RS: There is great potential in data, AI, robotics, tech, and digital platforms, and we’re just getting started. The key is getting the placement right. For example, a recent digital health investor survey (from GSR Ventures) reported the feedback of over 50 digital health VCs. They determined the best digital health sector was “AI/Machine Learning.” AI is a tool – like machine learning, robotics, and tech platforms – not a strategy or sector! If the positioning and application of these tools, provide a deeper understanding, engagement, and value to patients and providers, we’re on to something. I get cautious and skeptical when technology of any kind within healthcare creates distance in relationships, lacks clarity in the application, and is not directly linked to lower costs and better outcomes. Our strategy should be aligned with people’s health and reduce the need for sick care. Leveraging these tools should be directly tied to the same.
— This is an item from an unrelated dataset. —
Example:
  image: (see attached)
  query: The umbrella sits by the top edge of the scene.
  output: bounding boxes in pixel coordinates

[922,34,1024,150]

ROH: You wrote an article about your experience as a healthcare executive in Detroit responding to the first wave of COVID-19. In that article, you mentioned the “wisdom in belonging.” Can you explain that further?
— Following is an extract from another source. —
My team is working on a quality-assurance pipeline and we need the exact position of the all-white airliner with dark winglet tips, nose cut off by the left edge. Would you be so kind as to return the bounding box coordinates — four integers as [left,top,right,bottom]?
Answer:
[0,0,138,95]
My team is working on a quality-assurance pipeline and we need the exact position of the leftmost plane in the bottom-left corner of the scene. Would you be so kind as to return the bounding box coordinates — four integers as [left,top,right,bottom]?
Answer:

RS: During COVID, we realized, potentially more than ever before in the history of humanity, how very connected we are. Not just our little neighborhood or our little town. Not just in our large city or state or via television or social media channels, and regardless of political or social views, everywhere, we are connected. We attempted to close borders to nations and states. We tried to create isolation and distance. We attempted to keep ourselves safe and secure. We acted the best we knew how with the information available. And yet, we have learned in ways no one could have ever imagined how we are connected.

The question is not if we will be dependent; the vital question is on whom we should depend. Whom should we trust? With whom should we partner as we find our way? Who can we learn with, find strength, gain a new perspective, and discover mutual benefits with? No isolation will help us understand the most important lessons of 2020. Isolation (individually, in an organization, or in society) will also keep us from creating the future we all desire. One of the most vital competencies in a leader today is navigating and fostering “connectedness.” In our wayfinding, we must stand with others and go with others. How we make decisions has tremendous implications for us and those we serve.

One of the most vital competencies in a leader today is navigating and fostering “connectedness.”

ROH: What advice would you have for those considering a career in healthcare today?

RS: Strap on your seatbelt! What we know today will be different next week and again next month. Stay passionately curious, authentically humble, and courageous. We need leaders who will help us steward a journey from where we are to where we need to go. We need digitalists, data scientists, those schooled in cognitive computing and social physics, and those gifted in agile strategy, transformation, and design. We also need those who passionately protect individual people who are always the center of what we do and why we do it. More than anything, we need those entering healthcare to continue the message “we can do better” and to help us find a way.

Our ultimate definition of winning is to reduce sick care and keep people healthy. We need passionate leaders in every competency and area of expertise to keep us moving in that direction. If we’re not lowering costs, improving prevention, increasing access, measurably reducing sick care, and improving human flourishing… we’re all still losing. I would encourage those considering a career in healthcare to join us. But don’t just enter the health sector to work “in” the system; join us to work “on” the system and help us transform the system. This is desperately needed – now more than ever.

If we’re not lowering costs, improving prevention, increasing access, measurably reducing sick care, and improving human flourishing… we’re all still losing.

About Robert Sundelius

Robert is Chair of the Board of Advisors for two global companies, provides advisory and consulting services to founders, boards, and c-suites, and is actively involved in building a true health ecosystem.